- _DATA EXTRACTS_:
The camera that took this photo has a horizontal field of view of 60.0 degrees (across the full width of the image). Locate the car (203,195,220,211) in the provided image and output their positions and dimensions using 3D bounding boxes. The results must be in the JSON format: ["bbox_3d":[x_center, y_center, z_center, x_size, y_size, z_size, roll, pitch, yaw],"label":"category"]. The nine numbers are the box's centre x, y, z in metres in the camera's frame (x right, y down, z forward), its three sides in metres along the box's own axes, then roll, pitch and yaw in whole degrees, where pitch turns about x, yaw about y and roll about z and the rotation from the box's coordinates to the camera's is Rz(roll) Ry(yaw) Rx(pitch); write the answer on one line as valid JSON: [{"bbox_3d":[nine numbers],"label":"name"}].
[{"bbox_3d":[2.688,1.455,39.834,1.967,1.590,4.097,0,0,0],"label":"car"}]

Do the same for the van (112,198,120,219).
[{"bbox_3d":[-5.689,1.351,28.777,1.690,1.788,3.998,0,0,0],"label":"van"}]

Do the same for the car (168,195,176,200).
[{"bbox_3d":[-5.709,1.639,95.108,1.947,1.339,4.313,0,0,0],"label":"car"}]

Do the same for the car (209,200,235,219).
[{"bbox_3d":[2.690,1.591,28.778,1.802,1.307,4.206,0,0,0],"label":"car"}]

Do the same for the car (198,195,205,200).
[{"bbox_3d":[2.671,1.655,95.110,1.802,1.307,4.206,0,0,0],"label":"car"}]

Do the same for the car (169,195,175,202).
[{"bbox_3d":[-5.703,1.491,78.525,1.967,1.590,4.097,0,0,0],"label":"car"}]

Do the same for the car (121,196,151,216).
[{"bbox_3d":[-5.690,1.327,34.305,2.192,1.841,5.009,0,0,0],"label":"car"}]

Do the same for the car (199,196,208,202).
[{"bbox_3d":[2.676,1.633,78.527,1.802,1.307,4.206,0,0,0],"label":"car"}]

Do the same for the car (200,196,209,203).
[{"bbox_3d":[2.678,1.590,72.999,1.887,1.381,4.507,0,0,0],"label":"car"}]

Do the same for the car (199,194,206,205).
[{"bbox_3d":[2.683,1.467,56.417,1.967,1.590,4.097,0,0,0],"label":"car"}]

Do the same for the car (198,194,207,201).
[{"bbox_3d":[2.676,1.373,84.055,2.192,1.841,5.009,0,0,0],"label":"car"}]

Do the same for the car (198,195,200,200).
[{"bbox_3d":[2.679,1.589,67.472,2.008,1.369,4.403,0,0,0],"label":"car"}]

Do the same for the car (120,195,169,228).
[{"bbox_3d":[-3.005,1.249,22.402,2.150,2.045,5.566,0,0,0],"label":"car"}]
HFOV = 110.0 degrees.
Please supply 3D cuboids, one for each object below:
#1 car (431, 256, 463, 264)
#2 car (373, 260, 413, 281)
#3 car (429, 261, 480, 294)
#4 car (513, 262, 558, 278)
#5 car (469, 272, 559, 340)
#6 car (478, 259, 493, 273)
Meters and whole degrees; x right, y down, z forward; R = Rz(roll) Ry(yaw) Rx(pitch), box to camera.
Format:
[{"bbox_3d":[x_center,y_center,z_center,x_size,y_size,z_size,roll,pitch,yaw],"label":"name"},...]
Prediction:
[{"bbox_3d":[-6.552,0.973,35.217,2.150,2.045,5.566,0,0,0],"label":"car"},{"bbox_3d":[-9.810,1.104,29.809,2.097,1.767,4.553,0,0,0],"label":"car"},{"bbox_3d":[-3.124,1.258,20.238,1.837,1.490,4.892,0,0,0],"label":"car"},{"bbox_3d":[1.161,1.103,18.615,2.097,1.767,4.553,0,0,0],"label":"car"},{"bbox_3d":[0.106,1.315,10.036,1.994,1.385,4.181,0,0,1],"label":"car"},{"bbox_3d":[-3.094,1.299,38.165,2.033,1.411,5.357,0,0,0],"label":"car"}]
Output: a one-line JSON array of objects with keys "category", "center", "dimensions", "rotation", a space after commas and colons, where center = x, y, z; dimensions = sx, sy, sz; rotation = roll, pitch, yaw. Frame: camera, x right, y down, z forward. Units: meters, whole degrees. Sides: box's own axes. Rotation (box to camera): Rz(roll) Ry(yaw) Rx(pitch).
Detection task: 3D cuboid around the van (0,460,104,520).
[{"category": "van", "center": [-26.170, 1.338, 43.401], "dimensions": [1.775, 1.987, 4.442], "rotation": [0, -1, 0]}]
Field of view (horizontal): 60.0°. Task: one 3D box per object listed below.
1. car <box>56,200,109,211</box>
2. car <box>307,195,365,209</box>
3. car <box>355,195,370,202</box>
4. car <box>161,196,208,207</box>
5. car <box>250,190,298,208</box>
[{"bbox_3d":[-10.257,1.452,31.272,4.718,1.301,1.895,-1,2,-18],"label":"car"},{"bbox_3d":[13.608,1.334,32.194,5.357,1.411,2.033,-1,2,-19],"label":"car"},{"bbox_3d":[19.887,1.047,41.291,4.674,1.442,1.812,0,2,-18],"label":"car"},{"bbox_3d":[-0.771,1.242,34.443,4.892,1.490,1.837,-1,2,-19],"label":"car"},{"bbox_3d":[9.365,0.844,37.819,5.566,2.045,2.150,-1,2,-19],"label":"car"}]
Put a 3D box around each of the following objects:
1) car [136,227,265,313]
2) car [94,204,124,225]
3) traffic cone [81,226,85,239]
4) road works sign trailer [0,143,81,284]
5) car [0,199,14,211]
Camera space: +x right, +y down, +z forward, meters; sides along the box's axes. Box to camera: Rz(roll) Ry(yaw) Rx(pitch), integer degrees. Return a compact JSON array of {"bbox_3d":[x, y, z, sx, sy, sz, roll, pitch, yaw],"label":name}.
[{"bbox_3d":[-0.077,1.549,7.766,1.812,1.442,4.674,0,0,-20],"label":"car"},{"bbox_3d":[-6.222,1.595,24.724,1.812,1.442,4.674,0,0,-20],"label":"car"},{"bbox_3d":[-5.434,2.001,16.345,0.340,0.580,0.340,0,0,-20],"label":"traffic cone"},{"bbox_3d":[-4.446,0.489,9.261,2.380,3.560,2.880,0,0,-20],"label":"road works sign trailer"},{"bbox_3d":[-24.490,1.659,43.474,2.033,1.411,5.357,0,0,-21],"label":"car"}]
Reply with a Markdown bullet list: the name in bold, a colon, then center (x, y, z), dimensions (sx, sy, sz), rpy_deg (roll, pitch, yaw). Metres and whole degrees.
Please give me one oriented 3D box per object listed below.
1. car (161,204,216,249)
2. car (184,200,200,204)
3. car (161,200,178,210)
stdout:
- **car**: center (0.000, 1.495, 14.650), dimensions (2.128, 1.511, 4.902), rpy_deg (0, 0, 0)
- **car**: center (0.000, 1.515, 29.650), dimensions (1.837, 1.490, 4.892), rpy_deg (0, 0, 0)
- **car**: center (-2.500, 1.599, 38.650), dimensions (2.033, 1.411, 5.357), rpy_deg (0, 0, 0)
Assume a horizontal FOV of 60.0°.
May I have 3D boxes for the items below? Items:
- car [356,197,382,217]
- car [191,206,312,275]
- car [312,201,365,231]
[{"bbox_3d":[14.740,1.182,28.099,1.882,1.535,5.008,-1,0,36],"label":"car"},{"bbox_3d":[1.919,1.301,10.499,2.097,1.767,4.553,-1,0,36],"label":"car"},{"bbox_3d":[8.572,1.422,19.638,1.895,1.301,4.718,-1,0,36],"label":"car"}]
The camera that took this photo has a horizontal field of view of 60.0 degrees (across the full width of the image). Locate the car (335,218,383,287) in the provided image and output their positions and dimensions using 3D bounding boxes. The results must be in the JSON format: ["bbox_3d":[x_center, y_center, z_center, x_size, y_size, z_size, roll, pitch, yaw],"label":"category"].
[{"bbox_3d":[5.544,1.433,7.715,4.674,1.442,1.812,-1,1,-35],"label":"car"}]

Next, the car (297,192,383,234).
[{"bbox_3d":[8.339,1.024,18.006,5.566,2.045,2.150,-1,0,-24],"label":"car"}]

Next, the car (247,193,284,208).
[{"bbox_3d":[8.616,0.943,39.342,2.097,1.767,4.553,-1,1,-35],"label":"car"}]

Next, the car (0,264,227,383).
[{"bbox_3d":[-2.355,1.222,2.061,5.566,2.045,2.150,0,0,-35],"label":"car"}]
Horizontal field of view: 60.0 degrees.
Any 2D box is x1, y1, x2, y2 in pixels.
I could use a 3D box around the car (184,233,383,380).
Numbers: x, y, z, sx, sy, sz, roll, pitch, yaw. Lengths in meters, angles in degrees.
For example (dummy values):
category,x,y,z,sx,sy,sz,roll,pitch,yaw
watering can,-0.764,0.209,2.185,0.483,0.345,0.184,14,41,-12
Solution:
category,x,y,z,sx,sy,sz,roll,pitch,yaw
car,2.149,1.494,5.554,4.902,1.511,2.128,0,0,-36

- _WHAT NEEDS TO BE DONE_:
From the records above, reproduce exactly the lines from the one with "Please supply 3D" to the one with "#6 car (478, 259, 493, 273)", both included, and no others.

- _ANSWER SPACE_:
Please supply 3D cuboids, one for each object below:
#1 car (431, 256, 463, 264)
#2 car (373, 260, 413, 281)
#3 car (429, 261, 480, 294)
#4 car (513, 262, 558, 278)
#5 car (469, 272, 559, 340)
#6 car (478, 259, 493, 273)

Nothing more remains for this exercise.